Terri Burke, Immunization Partnership executive director, on the broader risk
"Militant about vaccine paperwork simply makes no sense"
Rebecca Hardy, Texans for Vaccine Choice
"If somebody really has a strong conviction, great"
Lana Scully, Waco school nurse
"This past year was the worst year I’ve ever had in school nursing"
Chanthini Thomas, Bellaire High School nurse
The data point to a clash between parental choice and public health aims. Expanding access to exemption forms may be politically popular but it runs against the goal of protecting all students in classrooms. Budget pressures and policy shifts ripple through health systems, affecting how clinics operate and how nurses manage records.
Beyond the numbers, the piece shows a fragile safety net. Fewer nurses and smaller immunization teams, coupled with reduced funding, increase the risk of missed vaccinations and create incentives for districts to forgo strict enforcement.
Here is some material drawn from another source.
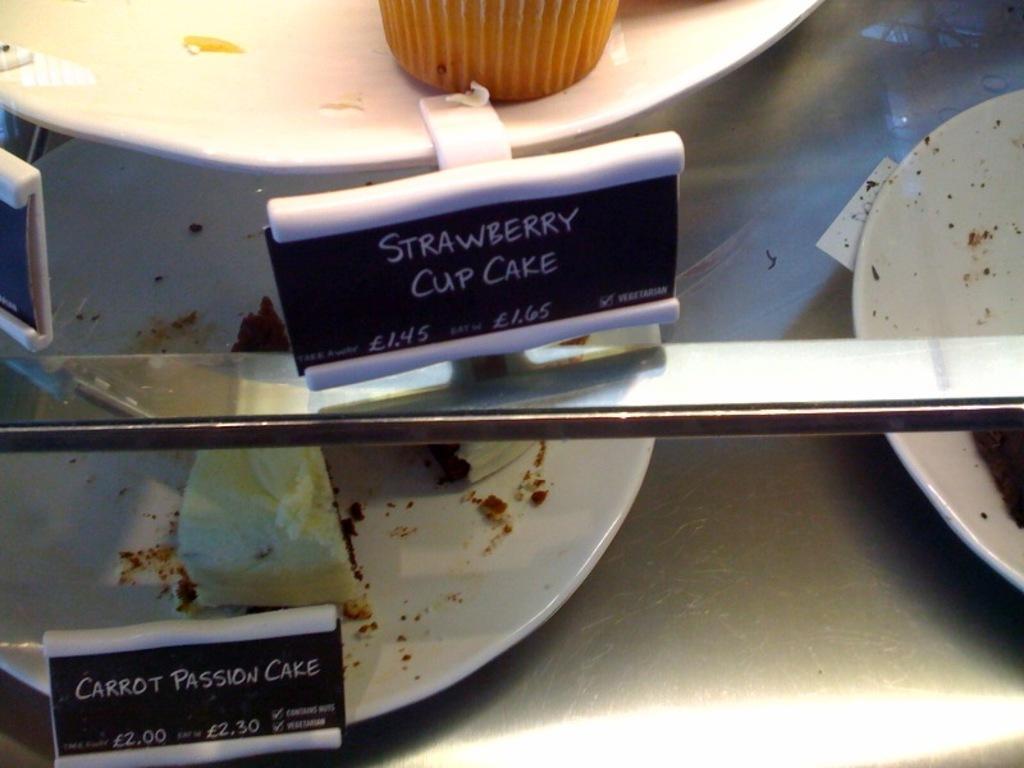How would you summarize this image in a sentence or two? In this picture we can see boards and plate with muffin on the glass platform, under the glass platform we can see plates with cakes and board on the platform.

The challenge now is to balance respect for families with the need to shield children from preventable diseases while sustaining schools as places of learning, not clinics.
Highlights
- Militant about vaccine paperwork makes no sense
- If somebody really has a strong conviction, great
- There are two inconveniences of it, well, actually three
- This past year was the worst year I’ve ever had in school nursing
Budget and policy risks to Texas vaccination efforts
Budget cuts and policy shifts raise concerns that herd immunity could weaken and school health services may shrink further. The changes also invite political backlash and uneven protection across districts.
Public health is a shared responsibility that tests the capacity of schools to protect students.